Résumé de la décision
La Cour de cassation, dans son arrêt du 12 avril 2012, a statué sur le pourvoi de M. X... contre une décision de la cour d'appel de Paris du 8 juin 2011, qui avait déclaré prescrite son action en réparation d'une atteinte à sa vie privée. M. X... reprochait à la société Nouvelle du Journal de l'Humanité d'avoir mis en ligne des articles l'affectant, sans son consentement. Bien que M. X... ait assigné la société en justice le 7 septembre 2009, la Cour a considéré que le délai de prescription courait à partir de la mise en ligne des articles en août 1996, ce qui a entraîné la prescription de son action.
Arguments pertinents
La Cour souligne que le délai de prescription de l'action en responsabilité civile extracontractuelle, applicable ici, débute au moment de la "mise à disposition du public" sur Internet, soit au moment de la mise en ligne, plutôt qu'à partir du moment où le dommage est porté à la connaissance de la victime. La Cour déclare : "le texte incriminé [...] ayant été déjà publié sur le support papier [...] a été mis en ligne courant août 1996 ; [...] c'est à partir de cette mise en ligne, équivalente à la mise à disposition du public, que le délai de prescription [...] devait être calculé".

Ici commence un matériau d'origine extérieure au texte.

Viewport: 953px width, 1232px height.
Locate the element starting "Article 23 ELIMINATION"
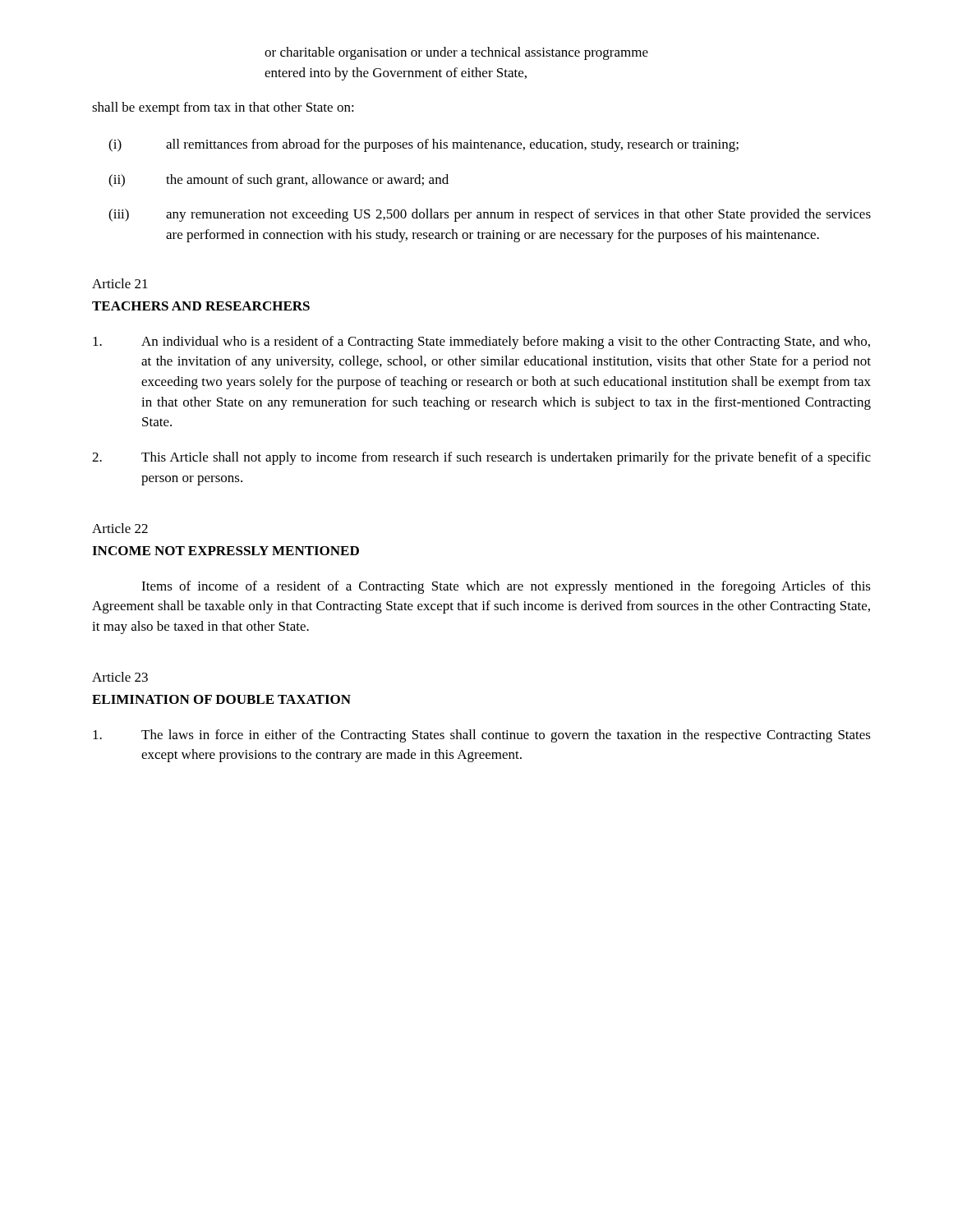(x=120, y=677)

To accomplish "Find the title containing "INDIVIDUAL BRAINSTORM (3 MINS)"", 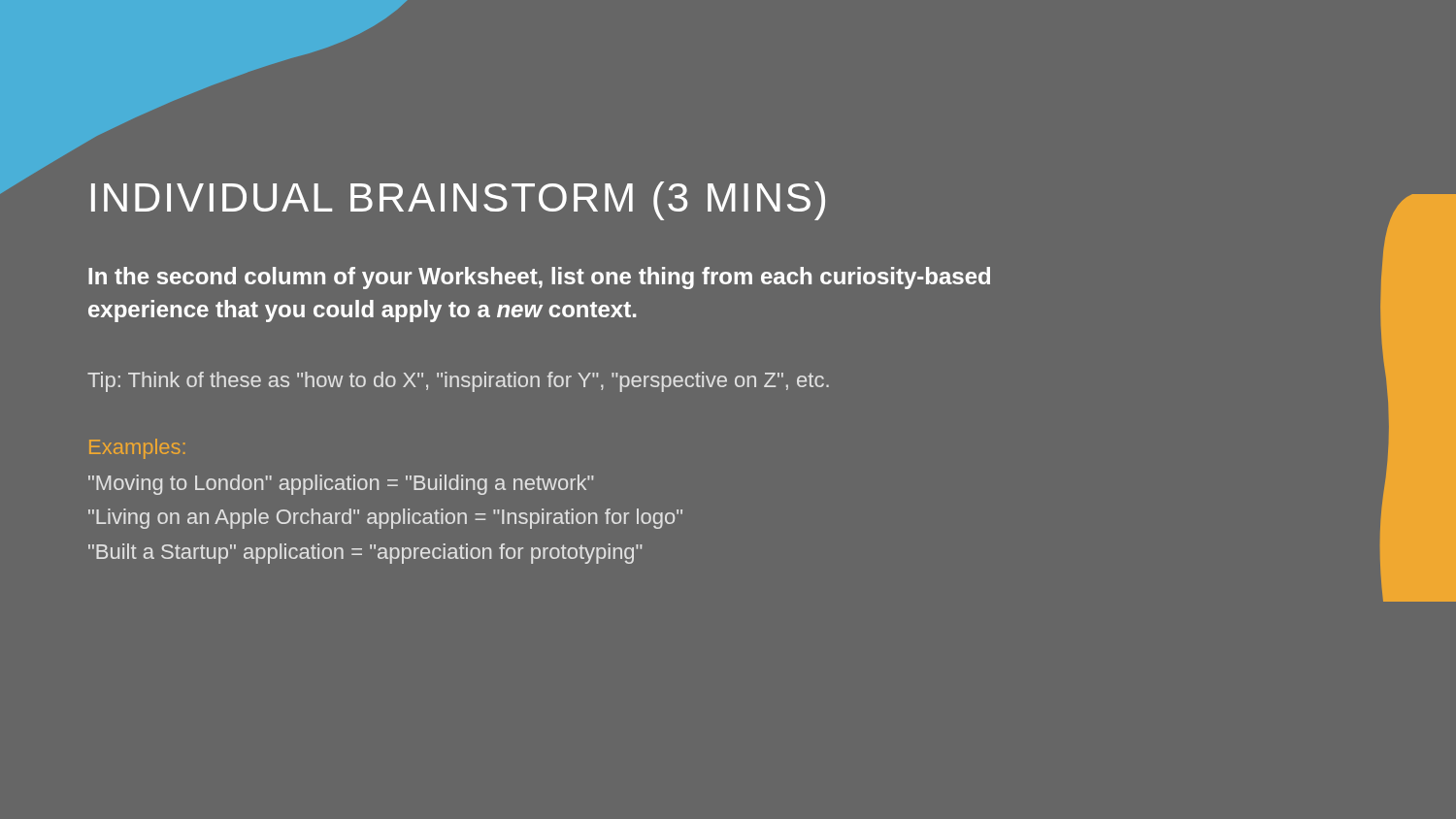I will coord(458,198).

Interprétations et citations légales
L'arrêt repose sur l'interprétation de l'ancien article 2270-1 du Code civil, qui stipule que le délai de prescription court à partir de la manifestation du dommage ou de la date de révélation du dommage à la victime. La Cour a interprété cet article comme indiquant que la première mise en ligne d'un contenu sur Internet constitue une manifestation évidente du dommage, rendant dès lors non viable l'argument de M. X... quant à la révélation tardive du préjudice.

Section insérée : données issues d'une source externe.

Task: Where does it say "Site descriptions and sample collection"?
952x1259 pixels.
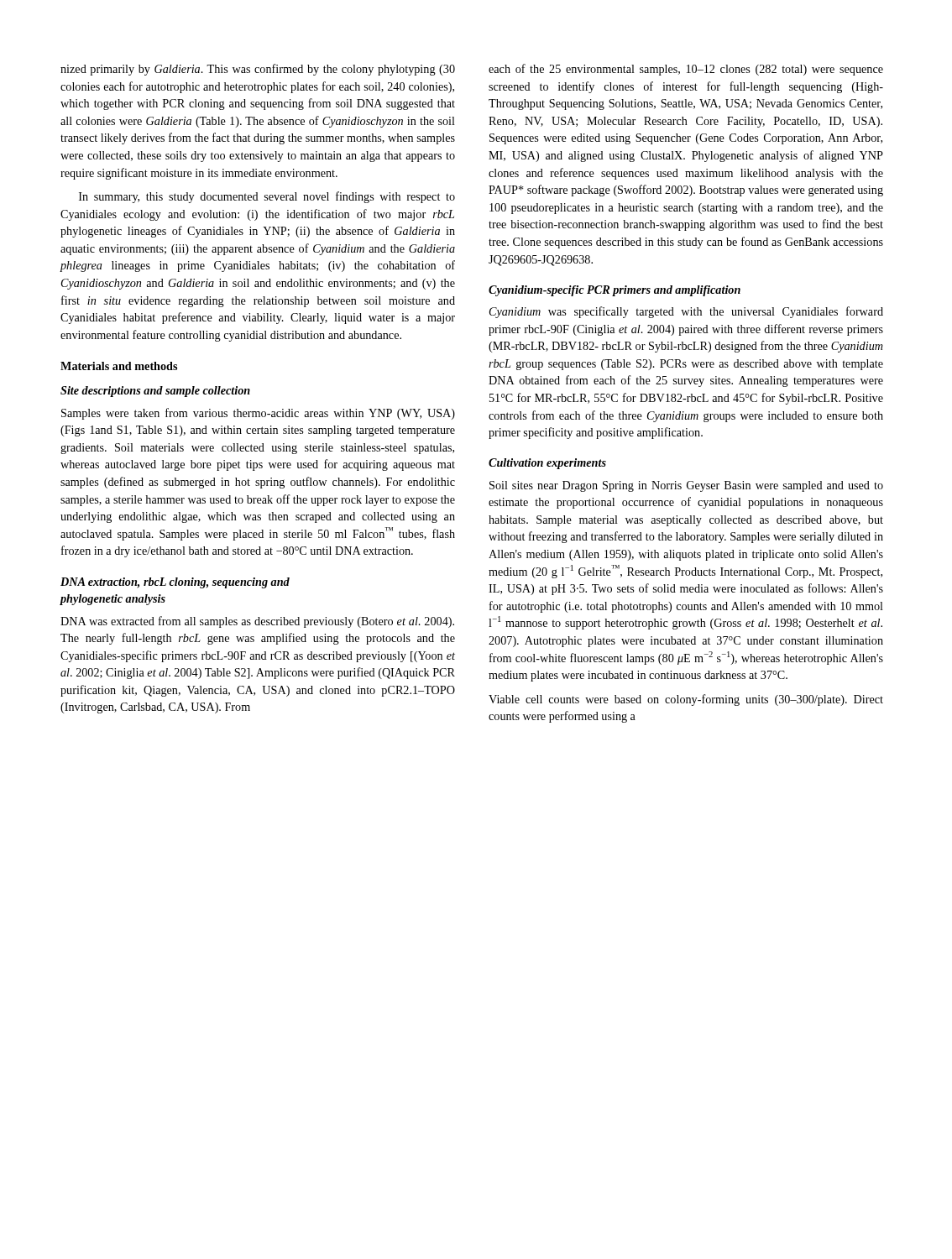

Dans cet arrêt, la Cour de cassation affirme : "le délai de prescription [...] doit être calculé [...] non pas à partir des seules constatations de M. X..., datant du 6 mai 2009". Cela établit une jurisprudence selon laquelle la mise à disposition publique par Internet est dès lors suffisante pour faire courir les délais de prescription.
Ainsi, la décision souligne l’importance de la visibilité et de l’accessibilité d’informations en ligne pour la détermination du début du délai de prescription, ce qui peut avoir des implications significatives pour les actions en responsabilité liées à des atteintes à la vie privée.